Using powerful tools and techniques developed in structural biology, researchers from the University of Washington and the Scripps Research Institute have discovered new details about the human immunodeficiency virus, HIV. The findings are of interest to the basic architecture of the virus above and below its surface and may help in the design and development of a vaccine that can protect against AIDS.

These detailed findings include three-dimensional views of the structure and position of the proteins of the envelope of the virus “thorn” (Env protein, used when the virus binds to cells) in the context of a complete virus. Typically, researchers consider protein particles separated from the virus or expressed as engineered or purified proteins. In another key development, scientists shed new light on glycan shields-sugar in proteins that can hide it from the body’s immune system.

“We look at the virus particle as a whole and how this protein on the surface compares to the rest of the virus,” said lead author Kelly Lee, an associate professor of medical chemistry at UW School of Pharmacy. “And looking at the intact structure of the virus, we can see how different facets of this ‘virus face’ are reflected and how they will be recognized or hidden from the immune system.”

This pristine species of virus has also allowed scientists to gain a new understanding of the location of the shell protein thorns on the surface relative to an internal protein structure called the Gag lattice.

“This discovery overturns previous models of collecting parts of viruses and helps focus our focus on where these two proteins may interact,” Lee said. “This interaction needs to be addressed in more detail, but at least the current work gives us the right architectural model to build the virus.”

It is this conclusion that led to the title of the article – “Cryo-ET Env on intact HIV virions shows structural variations and location on the Gag lattice” – published February 4 in the journal Cell. Another finding that has not been observed before, the researchers noted, is that the “stem” that supports the protein shell is flexible and can be tilted, creating both opportunities and challenges for neutralizing immune system antibodies that protect cells from infection.

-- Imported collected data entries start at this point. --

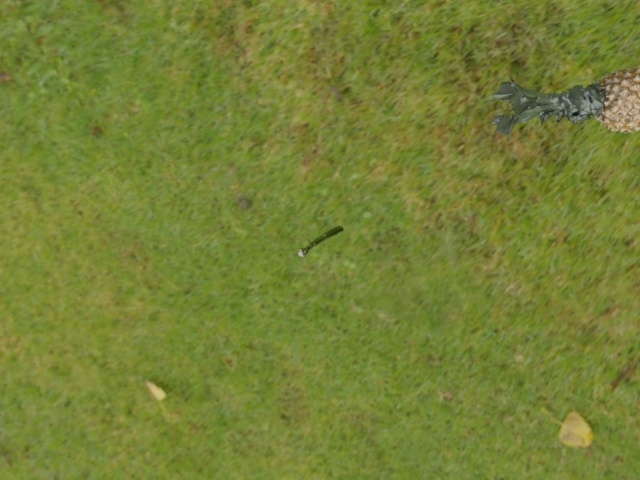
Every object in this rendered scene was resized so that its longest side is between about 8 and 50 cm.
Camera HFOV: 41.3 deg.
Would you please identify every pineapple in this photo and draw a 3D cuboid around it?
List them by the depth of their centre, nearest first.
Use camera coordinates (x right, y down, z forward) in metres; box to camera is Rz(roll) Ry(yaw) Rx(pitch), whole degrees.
[{"bbox_3d":[0.429,-0.234,1.424,0.277,0.130,0.119,-3,131,-4],"label":"pineapple"}]

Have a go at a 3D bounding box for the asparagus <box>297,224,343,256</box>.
[{"bbox_3d":[0.000,0.000,1.471,0.015,0.127,0.018,-26,93,42],"label":"asparagus"}]
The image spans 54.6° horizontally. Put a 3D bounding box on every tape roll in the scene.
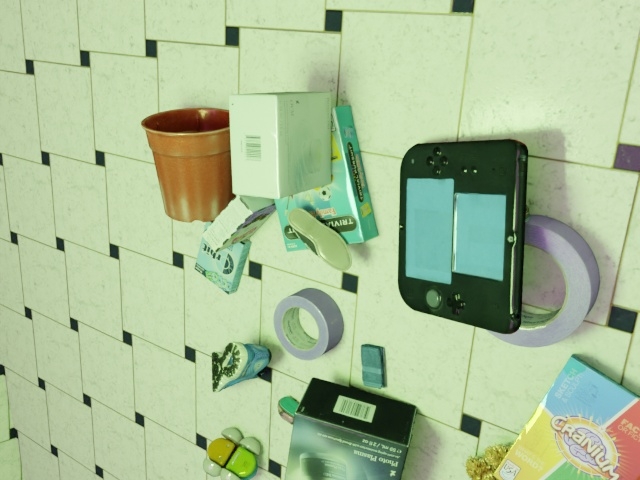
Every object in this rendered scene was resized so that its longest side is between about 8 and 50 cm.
[{"bbox_3d":[0.446,0.086,1.335,0.274,0.090,0.275,11,110,32],"label":"tape roll"},{"bbox_3d":[-0.034,0.232,1.727,0.189,0.080,0.189,11,110,34],"label":"tape roll"}]

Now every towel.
[{"bbox_3d":[0.141,0.337,1.663,0.067,0.029,0.120,5,107,34],"label":"towel"}]

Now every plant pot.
[{"bbox_3d":[-0.343,-0.207,1.726,0.272,0.272,0.265,17,121,31],"label":"plant pot"}]

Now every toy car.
[{"bbox_3d":[-0.278,0.716,2.017,0.182,0.159,0.136,15,146,31],"label":"toy car"}]

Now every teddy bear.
[{"bbox_3d":[0.479,0.633,1.456,0.245,0.113,0.338,-29,85,40],"label":"teddy bear"}]

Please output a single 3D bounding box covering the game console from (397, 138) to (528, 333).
[{"bbox_3d":[0.292,-0.018,1.335,0.342,0.060,0.387,11,103,59],"label":"game console"}]

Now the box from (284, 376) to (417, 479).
[{"bbox_3d":[0.075,0.563,1.631,0.296,0.183,0.294,13,113,11],"label":"box"}]

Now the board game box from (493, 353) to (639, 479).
[{"bbox_3d":[0.554,0.440,1.311,0.242,0.064,0.317,33,100,24],"label":"board game box"}]

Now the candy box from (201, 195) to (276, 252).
[{"bbox_3d":[-0.209,-0.066,1.710,0.070,0.165,0.196,52,126,6],"label":"candy box"}]

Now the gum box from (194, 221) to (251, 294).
[{"bbox_3d":[-0.300,0.047,1.888,0.157,0.041,0.184,32,119,24],"label":"gum box"}]

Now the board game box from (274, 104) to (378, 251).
[{"bbox_3d":[-0.009,-0.151,1.598,0.253,0.079,0.336,-8,98,37],"label":"board game box"}]

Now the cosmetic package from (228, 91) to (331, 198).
[{"bbox_3d":[-0.085,-0.228,1.439,0.138,0.224,0.224,9,108,30],"label":"cosmetic package"}]

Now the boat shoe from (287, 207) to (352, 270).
[{"bbox_3d":[0.000,0.000,1.563,0.206,0.065,0.075,44,79,7],"label":"boat shoe"}]

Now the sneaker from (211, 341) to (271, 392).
[{"bbox_3d":[-0.241,0.387,1.885,0.330,0.147,0.130,-35,55,57],"label":"sneaker"}]

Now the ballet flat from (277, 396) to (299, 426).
[{"bbox_3d":[-0.040,0.544,1.833,0.221,0.077,0.079,27,136,31],"label":"ballet flat"}]

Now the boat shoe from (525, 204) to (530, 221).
[{"bbox_3d":[0.373,-0.107,1.303,0.183,0.066,0.066,52,156,39],"label":"boat shoe"}]
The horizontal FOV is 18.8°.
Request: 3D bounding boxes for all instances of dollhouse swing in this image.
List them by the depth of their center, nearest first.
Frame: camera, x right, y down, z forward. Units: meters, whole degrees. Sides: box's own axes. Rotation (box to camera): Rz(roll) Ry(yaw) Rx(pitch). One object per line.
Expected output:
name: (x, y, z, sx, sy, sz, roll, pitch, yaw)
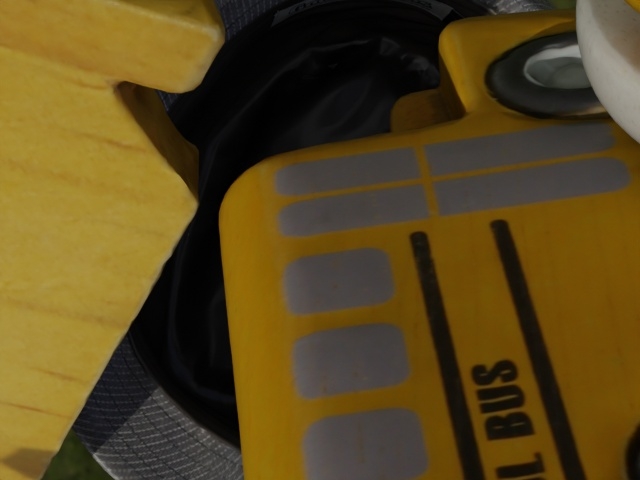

“Structural biology has stimulated the development of HIV vaccines, because we get a better and better idea of ​​what we are focusing on, what inspires innovation and can improve vaccines,” said Michael Zwick, associate professor of immunology. and Microbiology at the Scripps Research Institute.

Nail added that the HIV shell is a particularly difficult target for vaccine development because the virus detects so few thorns and masks them with sugar molecules to escape our immune system.

“All of these features increase the dynamic variability that the HIV protein represents to the immune system,” said Lee, who also runs the UW lab, which studies the structure and dynamics of the virus. “It’s something that people who are developing HIV vaccines have struggled with since the beginning virus mutates and changes astronomically and rapidly. Every time it infects an individual, you get literally thousands of different options in that individual, and if you look at the population, it multiplies even more. ”

In fact, it was discovered in February that an even more deadly strain of HIV was circulating in the Netherlands. Fortunately, although the strain is a “highly virulent option,” it is still treatable.

“It’s just another reminder that these viruses are always changing, so we need scientists to continue studying them,” Zwick said.

Co-authors are Vidya Mangala Prasad, a former acting instructor at the UW School of Pharmacy, now at the Indian Institute of Science; Daniel Lyman, Department of Immunology and Microbiology, Scripps Research Institute; Klaus Lawndal, Jacob Croft and Edgar Hodge, Department of Medical Chemistry, UW School of Pharmacy; and Mark Benheim, who worked on the project as a UW graduate student.